Ekonomiye dev likidite hedefi
Türkiye’de yastık altı altın, uzun yıllardır ekonominin kayıt dışı rezervi olarak görülüyor. Yeni model ile bu altınların finansal sisteme dahil edilmesi, hem vatandaşlara ek gelir sağlanması hem de işletmelerin altın ihtiyacının daha düşük maliyetle karşılanması amaçlanıyor.
Altın kiralama modeli nasıl işliyor?
1. Yetkili kuruma teslim
Vatandaş altınını bankaya, rafineriye veya lisanslı aracı kuruma teslim ediyor. Gram ve ayar kaydı yapılıyor.
2. Sözleşme dönemi
Taraflar arasında 3, 6 veya 12 aylık kiralama sözleşmesi imzalanıyor.
3. Kullanım aşaması
Altın, kuyumculuk, sanayi ve rafineri sektörlerinde üretim amaçlı değerlendiriliyor.
4. Aylık getiri ödemesi
Altının türüne ve gramına göre hesaplanan kira getirisi, vatandaşa her ay TL, döviz ya da altın cinsinden ödeniyor.
5. Altının iadesi
Süre sonunda altın, vatandaşa teslim edildiği aynı ayar ve gramda geri veriliyor.
Vatandaşlar için avantajlar
Yastık altındaki altın “pasif gelir” kaynağına dönüşüyor.
Fiziki saklama, kaybolma ve çalınma riskleri ortadan kalkıyor.
Ödemeler TL, dolar veya altın şeklinde yapılabildiği için esneklik sağlanıyor.
Ekonomiye önemli miktarda altın likiditesi ekleniyor.

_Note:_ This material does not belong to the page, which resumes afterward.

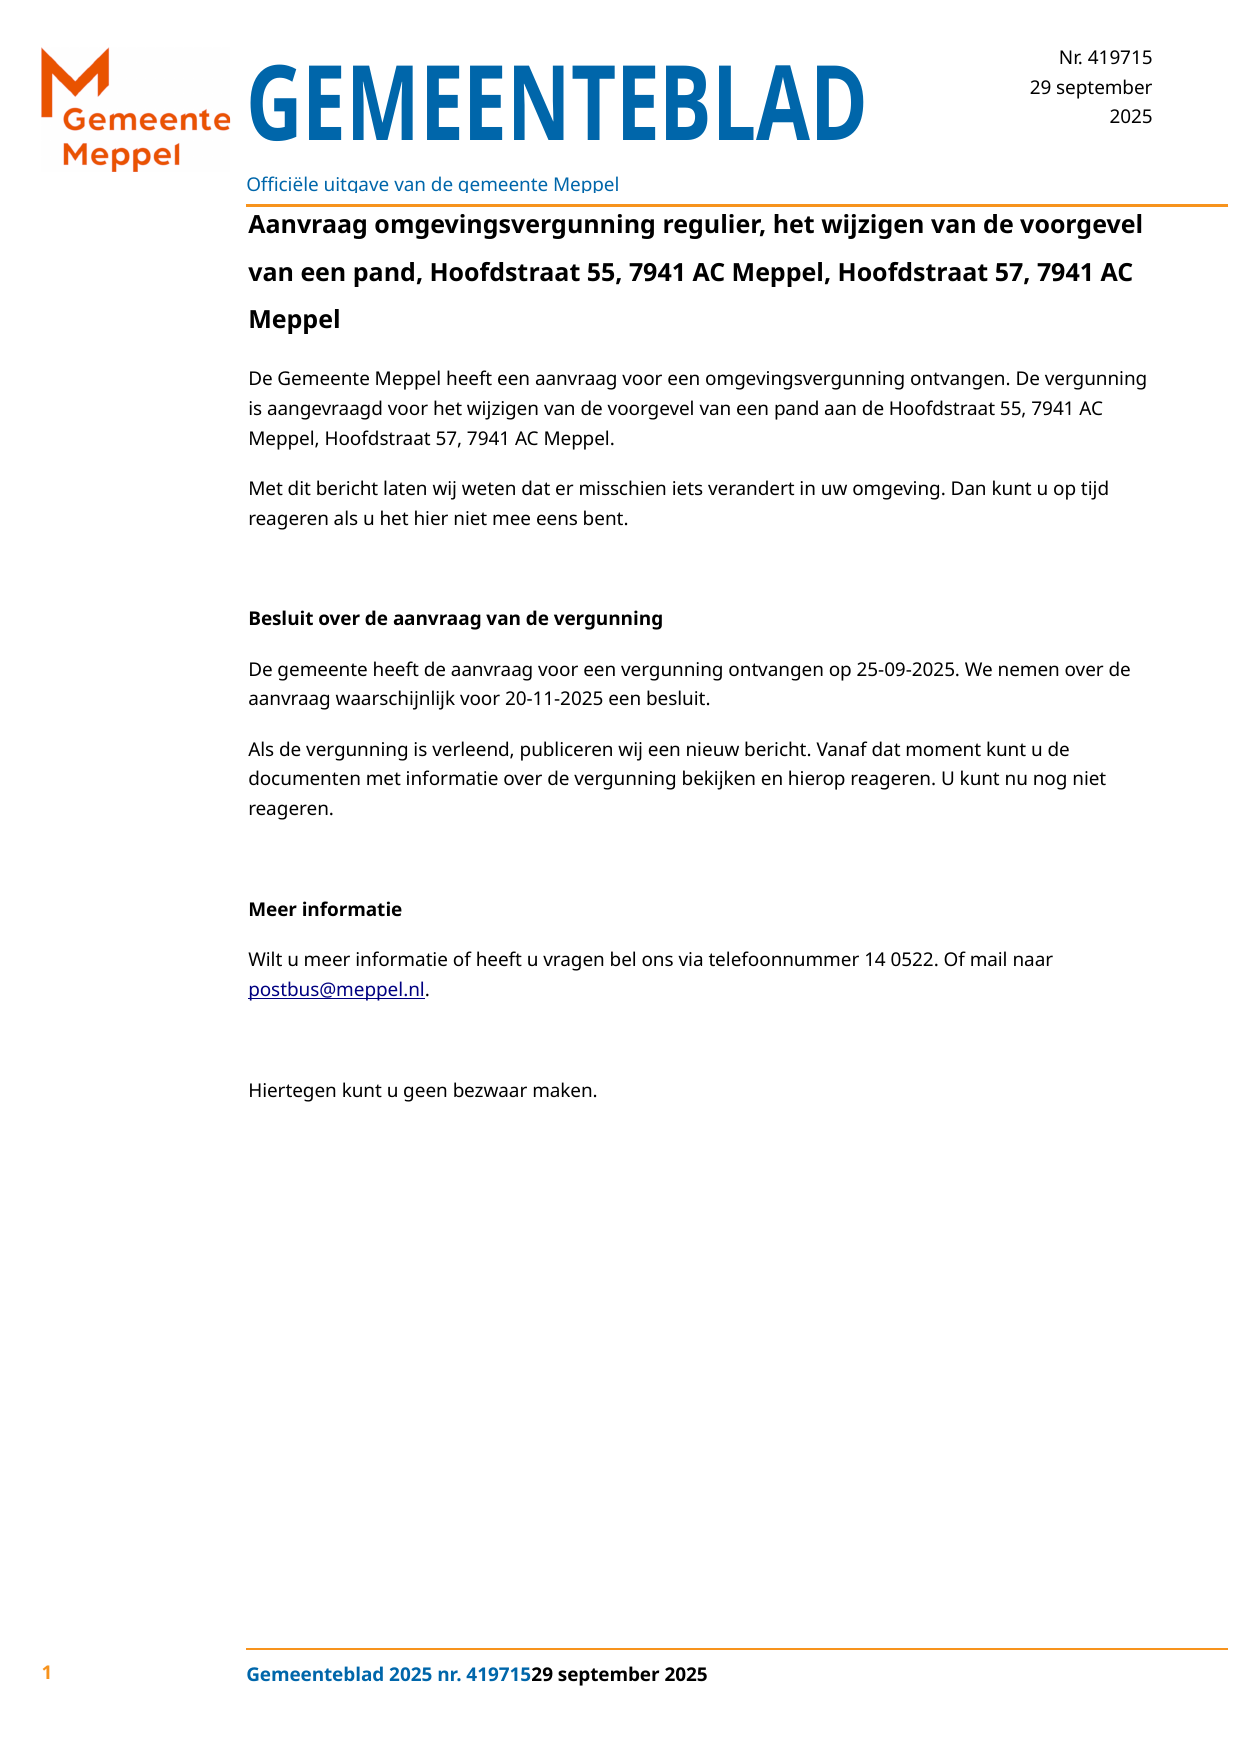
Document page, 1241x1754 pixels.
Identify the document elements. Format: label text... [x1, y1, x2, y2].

Sisteme ilişkin tartışmalar sürüyor
Model, dünyada örnekleri bulunsa da Türkiye’de nasıl uygulanacağı, denetim süreci ve güvenlik mekanizmalarının nasıl düzenleneceği, uzmanların dikkatle izlediği başlıklar arasında. Ekonomistler, sistemin güçlü bir yasal çerçeveyle desteklenmesi gerektiğini vurguluyor.